Cardiovascular protection independent of weight loss
GLP-1RAs act on the myocardium directly. Liraglutide pretreatment before experimental myocardial infarction reduced cardiac rupture and infarct size while modulating Akt, GSK3β, Nrf2 and HO-1 [9]. In a large-animal model of isolated coronary artery disease, oral semaglutide improved left ventricular ejection fraction and roughly doubled resting perfusion to the most ischemic territory (0.89 vs 0.41 mL/min/g), with less interstitial and perivascular fibrosis via activated AMPK and eNOS [10]. In patients, GLP-1RA treatment tracks with reduced carotid intima-media thickness and lower circulating ICAM-1 and VCAM-1 [3]; exendin-4 inhibits monocyte adhesion and attenuates atherosclerotic lesions independent of glucose lowering [18].
Cardioprotection you can count
In the infarction model, liraglutide reduced cardiac rupture to 12 of 60 animals versus 46 of 60 in controls, and shrank infarct size to 21 ± 2% from 29 ± 3% [9] — a structural effect, not a surrogate, and one that persisted independent of weight or glycemic change.
The evoke trials: semaglutide biomarkers in early Alzheimer's disease
The evoke and evoke+ phase 3 programme is the most ambitious test of GLP-1 neuroprotection in humans. Both are double-blind, placebo-controlled trials of oral semaglutide in early-stage symptomatic Alzheimer's disease, with a longitudinal plasma and CSF biomarker panel designed to detect disease modification rather than symptom masking [21]. Enrollment required amyloid abnormality by PET or CSF; the trials then track longitudinal change in core AD biomarkers and tau biology [21][22].
Neuroinflammation is a primary pharmacodynamic target. The panels monitor central and peripheral inflammation, motivated by evidence that GLP-1RAs push microglia and astrocytes toward homeostasis and reduce IL-1α, TNF-α and C1q [22][24], with preclinical inhibition of NF-κB and NLRP3 inflammasome signalling [23]. Systemic C-reactive protein — reliably lowered by semaglutide in other populations — is correlated against central readouts [24]. Beyond proteinopathy, the trials assay synaptic integrity (preclinically, GLP-1RAs preserve synaptophysin and PSD-95 and rescue Aβ-suppressed long-term potentiation), vascular and blood-brain-barrier integrity, and oxidative-stress markers [21][23][3]; the evoke+ arm deliberately enrolls participants with significant small-vessel pathology to probe vascular protection.
The caution is unavoidable. Reports indicate the semaglutide AD programme may have failed to meet its primary cognitive endpoints [23], and screening produced a high failure rate driven mainly by stringent cognitive cut-offs rather than biomarker negativity. Robust SAMP8 neuron rescue [6] has not yet become a proven human structural or clinical rescue [23]. A well-designed biomarker strategy does not guarantee a positive trial.

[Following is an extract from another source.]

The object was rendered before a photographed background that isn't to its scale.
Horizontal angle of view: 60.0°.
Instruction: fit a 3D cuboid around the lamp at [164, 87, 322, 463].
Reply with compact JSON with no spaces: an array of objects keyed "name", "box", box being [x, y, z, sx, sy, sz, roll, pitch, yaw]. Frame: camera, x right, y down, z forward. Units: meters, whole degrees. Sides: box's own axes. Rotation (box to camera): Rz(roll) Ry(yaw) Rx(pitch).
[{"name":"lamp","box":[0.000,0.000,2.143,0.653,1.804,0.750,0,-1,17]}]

Muscle, bone and physical function: the body-composition tradeoff
Long-term GLP-1RA therapy produces a characteristic shift: absolute lean mass falls, but its proportion of body mass rises because fat is lost faster. In the SEMALEAN study of grade-3 obesity, semaglutide 2.4 mg dropped absolute lean mass by 3.0 kg at 7 months then stabilised, handgrip strength rose 4.1 kg by 12 months, and sarcopenic-obesity prevalence fell from 49% to 33% [25]. A SURMOUNT-1 subgroup showed tirzepatide reduced fat roughly three times more than lean — comparable to lifestyle and surgical weight loss [33]. A real-world cohort saw a larger lean loss above 3 kg [26], and in people with HIV, 24 weeks of semaglutide cut psoas volume by 9.3% while muscle fat fraction held steady [27]. Mechanistically, liraglutide and semaglutide suppress the muscle ubiquitin ligase Atrogin-1 and raise Myogenin via SIRT1 [11], and semaglutide-driven weight loss improved skeletal-muscle mitochondrial OXPHOS efficiency, an effect requiring intact cellular structure [34].

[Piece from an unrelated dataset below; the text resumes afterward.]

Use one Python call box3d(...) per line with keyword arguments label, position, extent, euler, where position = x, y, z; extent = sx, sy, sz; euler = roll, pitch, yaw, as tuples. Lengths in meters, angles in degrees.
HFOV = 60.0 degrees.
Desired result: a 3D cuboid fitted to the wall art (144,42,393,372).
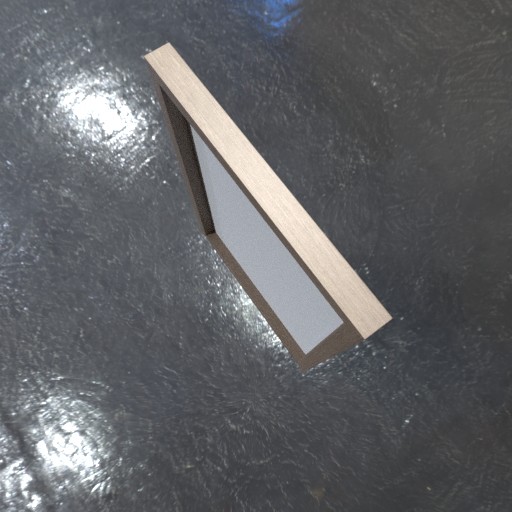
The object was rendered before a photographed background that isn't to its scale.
box3d(label="wall art", position=(0.000, 0.000, 0.661), extent=(0.032, 0.510, 0.358), euler=(-34, 75, -10))

Bone tracks the mechanostat theory — resorb what is no longer loaded. Semaglutide 1.0 mg over 52 weeks raised the resorption marker P-CTX (estimated treatment difference 166.4 ng/L) and lowered areal BMD at lumbar spine (−0.018 g/cm²) and total hip (−0.020 g/cm²) versus placebo [28]; liraglutide 3.0 mg alone reduced hip and spine BMD more than exercise alone despite similar weight loss, while adding vigorous exercise preserved BMD even at greater weight loss [29]. The dose matters: low-dose liraglutide 1.2 mg raised the formation marker P1NP by 16% and prevented bone-content loss in weight-reduced women [30]. At the population scale, a cohort of over 216,000 people found no association between GLP-1RA use and fracture [31], and an umbrella review judged the fracture effect neutral [38] — though switching from a DPP-4 inhibitor to a GLP-1RA produced a steeper spine-BMD decline (−0.028 vs −0.019 g/cm²) [32].
Function, not scan density, is what improves. In obesity-related HFpEF, semaglutide extended 6-minute walk distance by 21.5 m versus 1.2 m on placebo and improved KCCQ symptom and physical-limitation scores [33]. In the HIV cohort, gait speed and chair-rise held despite muscle loss, and slow-gait prevalence fell from 63% to 46% [27].
| Finding | Agent / dose | Direction |
|---|---|---|
| Absolute lean mass | Semaglutide 2.4 mg [25] | −3.0 kg, then stable |
| Sarcopenic obesity | Semaglutide 2.4 mg [25] | 49% → 33% |
| Handgrip strength | Semaglutide 2.4 mg [25] | +4.1 kg |
| Spine BMD | Semaglutide 1.0 mg [28] | −0.018 g/cm² |
| Bone formation (P1NP) | Liraglutide 1.2 mg [30] | +16% |
| Fracture risk | Class, 216k cohort [31][38] | Neutral |
| 6-min walk (HFpEF) | Semaglutide 2.4 mg [33] | +21.5 m |
Where the evidence breaks down: lifespan, withdrawal and unresolved contradictions
Four gaps matter more than the headlines. First, maximum lifespan in healthy, non-diabetic mammals is unproven — GLP-1RAs consistently delay functional decline in heart, brain and muscle, but a survival-curve extension in wild-type animals has not been demonstrated. Second, brain access differs by agent: exendin-4 and certain dual agonists cross the blood-brain barrier measurably, whereas the acylated agents liraglutide and semaglutide show limited or slow influx in specific models [14] — a pharmacokinetic caveat that complicates extrapolating rodent CNS results across the class.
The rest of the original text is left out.